**WORK TASK**
Every line holding the string "Splash" is to be copied from the entries below.

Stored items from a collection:
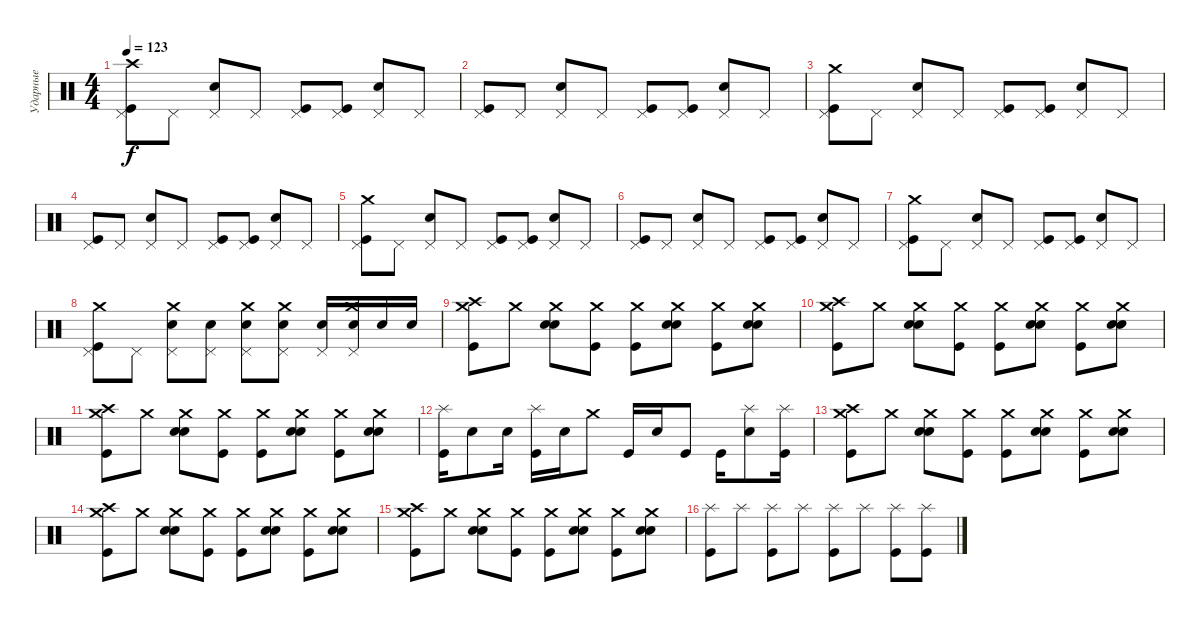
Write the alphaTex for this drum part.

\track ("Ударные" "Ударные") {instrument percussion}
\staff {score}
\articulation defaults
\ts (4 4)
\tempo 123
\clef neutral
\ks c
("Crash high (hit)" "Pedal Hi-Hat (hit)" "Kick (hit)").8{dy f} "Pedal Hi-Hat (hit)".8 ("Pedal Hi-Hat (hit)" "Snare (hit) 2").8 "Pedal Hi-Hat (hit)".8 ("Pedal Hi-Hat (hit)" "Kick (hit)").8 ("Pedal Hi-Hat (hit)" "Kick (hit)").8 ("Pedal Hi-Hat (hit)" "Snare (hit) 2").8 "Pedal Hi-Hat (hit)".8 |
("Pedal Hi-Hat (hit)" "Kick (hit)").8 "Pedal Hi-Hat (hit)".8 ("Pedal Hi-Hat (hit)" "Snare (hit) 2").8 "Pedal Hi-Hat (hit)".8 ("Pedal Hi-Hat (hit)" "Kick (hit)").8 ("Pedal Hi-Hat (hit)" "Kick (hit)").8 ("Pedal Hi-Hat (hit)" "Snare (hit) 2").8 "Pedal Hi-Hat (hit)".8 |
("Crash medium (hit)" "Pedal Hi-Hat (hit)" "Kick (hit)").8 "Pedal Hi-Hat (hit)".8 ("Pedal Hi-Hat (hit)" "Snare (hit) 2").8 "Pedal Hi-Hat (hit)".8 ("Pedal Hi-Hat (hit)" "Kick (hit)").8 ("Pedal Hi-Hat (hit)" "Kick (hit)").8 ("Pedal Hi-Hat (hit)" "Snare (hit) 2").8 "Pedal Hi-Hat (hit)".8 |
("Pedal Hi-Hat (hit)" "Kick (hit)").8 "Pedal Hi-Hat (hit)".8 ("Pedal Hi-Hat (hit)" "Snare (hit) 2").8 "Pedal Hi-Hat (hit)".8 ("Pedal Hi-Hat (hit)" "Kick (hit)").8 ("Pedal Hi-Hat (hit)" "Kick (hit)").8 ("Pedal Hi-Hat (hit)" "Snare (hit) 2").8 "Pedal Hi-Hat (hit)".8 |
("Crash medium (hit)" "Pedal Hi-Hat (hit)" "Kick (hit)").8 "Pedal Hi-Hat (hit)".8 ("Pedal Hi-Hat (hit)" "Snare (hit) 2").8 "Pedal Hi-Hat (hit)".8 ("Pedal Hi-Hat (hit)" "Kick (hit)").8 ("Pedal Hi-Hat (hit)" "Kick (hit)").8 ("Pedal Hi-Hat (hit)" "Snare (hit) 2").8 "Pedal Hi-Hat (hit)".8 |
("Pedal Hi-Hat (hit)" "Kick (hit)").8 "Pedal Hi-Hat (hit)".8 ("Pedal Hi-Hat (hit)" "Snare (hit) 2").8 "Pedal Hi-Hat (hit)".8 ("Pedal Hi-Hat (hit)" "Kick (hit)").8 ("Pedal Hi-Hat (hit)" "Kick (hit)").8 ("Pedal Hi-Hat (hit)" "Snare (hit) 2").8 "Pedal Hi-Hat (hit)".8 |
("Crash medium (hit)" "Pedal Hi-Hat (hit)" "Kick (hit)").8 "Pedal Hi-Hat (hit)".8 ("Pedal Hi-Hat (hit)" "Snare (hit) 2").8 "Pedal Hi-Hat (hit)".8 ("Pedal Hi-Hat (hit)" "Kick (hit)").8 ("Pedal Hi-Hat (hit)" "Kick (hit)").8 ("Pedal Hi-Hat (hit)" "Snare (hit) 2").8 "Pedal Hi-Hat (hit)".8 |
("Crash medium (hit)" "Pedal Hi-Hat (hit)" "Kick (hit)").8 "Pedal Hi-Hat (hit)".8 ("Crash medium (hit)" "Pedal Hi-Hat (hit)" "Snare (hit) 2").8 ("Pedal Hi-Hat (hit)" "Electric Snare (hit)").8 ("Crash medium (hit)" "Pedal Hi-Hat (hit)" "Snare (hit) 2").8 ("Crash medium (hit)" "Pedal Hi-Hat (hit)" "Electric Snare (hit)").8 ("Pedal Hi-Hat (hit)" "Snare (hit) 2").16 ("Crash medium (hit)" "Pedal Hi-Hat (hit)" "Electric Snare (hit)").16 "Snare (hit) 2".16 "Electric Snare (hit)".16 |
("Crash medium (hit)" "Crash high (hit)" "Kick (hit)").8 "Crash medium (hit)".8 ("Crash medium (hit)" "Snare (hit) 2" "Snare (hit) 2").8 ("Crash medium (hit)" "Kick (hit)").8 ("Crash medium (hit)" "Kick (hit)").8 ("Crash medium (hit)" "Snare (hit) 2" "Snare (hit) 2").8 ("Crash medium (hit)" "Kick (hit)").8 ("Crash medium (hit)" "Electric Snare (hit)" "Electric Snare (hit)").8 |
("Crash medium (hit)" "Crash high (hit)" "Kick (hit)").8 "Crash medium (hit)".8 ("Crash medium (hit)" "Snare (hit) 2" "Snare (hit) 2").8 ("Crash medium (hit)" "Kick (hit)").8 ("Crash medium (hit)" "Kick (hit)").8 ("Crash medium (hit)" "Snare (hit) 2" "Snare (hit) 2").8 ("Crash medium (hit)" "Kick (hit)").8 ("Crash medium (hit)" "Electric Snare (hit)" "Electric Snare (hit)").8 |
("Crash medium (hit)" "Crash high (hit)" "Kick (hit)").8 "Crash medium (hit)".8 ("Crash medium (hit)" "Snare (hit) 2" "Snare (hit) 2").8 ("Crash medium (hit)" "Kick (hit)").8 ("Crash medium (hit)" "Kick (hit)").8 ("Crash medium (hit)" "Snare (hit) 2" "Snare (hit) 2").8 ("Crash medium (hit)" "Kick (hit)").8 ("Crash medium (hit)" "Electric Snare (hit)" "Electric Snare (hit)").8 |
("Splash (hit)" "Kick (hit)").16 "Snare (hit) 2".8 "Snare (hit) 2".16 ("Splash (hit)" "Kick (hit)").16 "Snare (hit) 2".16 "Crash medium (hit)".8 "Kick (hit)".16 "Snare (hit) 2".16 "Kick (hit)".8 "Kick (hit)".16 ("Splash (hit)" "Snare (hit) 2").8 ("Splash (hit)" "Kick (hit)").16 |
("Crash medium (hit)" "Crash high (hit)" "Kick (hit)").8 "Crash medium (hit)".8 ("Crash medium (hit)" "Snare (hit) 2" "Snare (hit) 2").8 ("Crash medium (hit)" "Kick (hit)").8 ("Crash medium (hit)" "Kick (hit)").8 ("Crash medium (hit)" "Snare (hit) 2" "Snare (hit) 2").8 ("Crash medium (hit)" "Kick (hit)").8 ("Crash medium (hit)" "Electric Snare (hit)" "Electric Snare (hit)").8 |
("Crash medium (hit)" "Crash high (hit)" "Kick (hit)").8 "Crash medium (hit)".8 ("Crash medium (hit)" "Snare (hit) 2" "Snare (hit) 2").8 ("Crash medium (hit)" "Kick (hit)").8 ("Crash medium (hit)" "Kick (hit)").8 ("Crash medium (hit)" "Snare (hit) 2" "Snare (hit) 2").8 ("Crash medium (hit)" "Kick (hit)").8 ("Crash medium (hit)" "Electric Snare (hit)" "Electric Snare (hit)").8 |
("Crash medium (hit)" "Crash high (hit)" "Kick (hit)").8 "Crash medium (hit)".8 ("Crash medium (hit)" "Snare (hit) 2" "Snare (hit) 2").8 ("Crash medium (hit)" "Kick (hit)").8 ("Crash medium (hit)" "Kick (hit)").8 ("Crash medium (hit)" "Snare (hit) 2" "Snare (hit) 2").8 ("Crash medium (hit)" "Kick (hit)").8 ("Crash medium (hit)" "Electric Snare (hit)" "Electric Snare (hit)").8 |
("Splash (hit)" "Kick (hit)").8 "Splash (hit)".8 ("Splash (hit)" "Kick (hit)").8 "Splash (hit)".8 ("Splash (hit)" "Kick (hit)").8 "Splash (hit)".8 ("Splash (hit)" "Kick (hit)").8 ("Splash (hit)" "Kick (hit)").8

**FINISHED TASK**
("Splash (hit)" "Kick (hit)").16 "Snare (hit) 2".8 "Snare (hit) 2".16 ("Splash (hit)" "Kick (hit)").16 "Snare (hit) 2".16 "Crash medium (hit)".8 "Kick (hit)".16 "Snare (hit) 2".16 "Kick (hit)".8 "Kick (hit)".16 ("Splash (hit)" "Snare (hit) 2").8 ("Splash (hit)" "Kick (hit)").16 |
("Splash (hit)" "Kick (hit)").8 "Splash (hit)".8 ("Splash (hit)" "Kick (hit)").8 "Splash (hit)".8 ("Splash (hit)" "Kick (hit)").8 "Splash (hit)".8 ("Splash (hit)" "Kick (hit)").8 ("Splash (hit)" "Kick (hit)").8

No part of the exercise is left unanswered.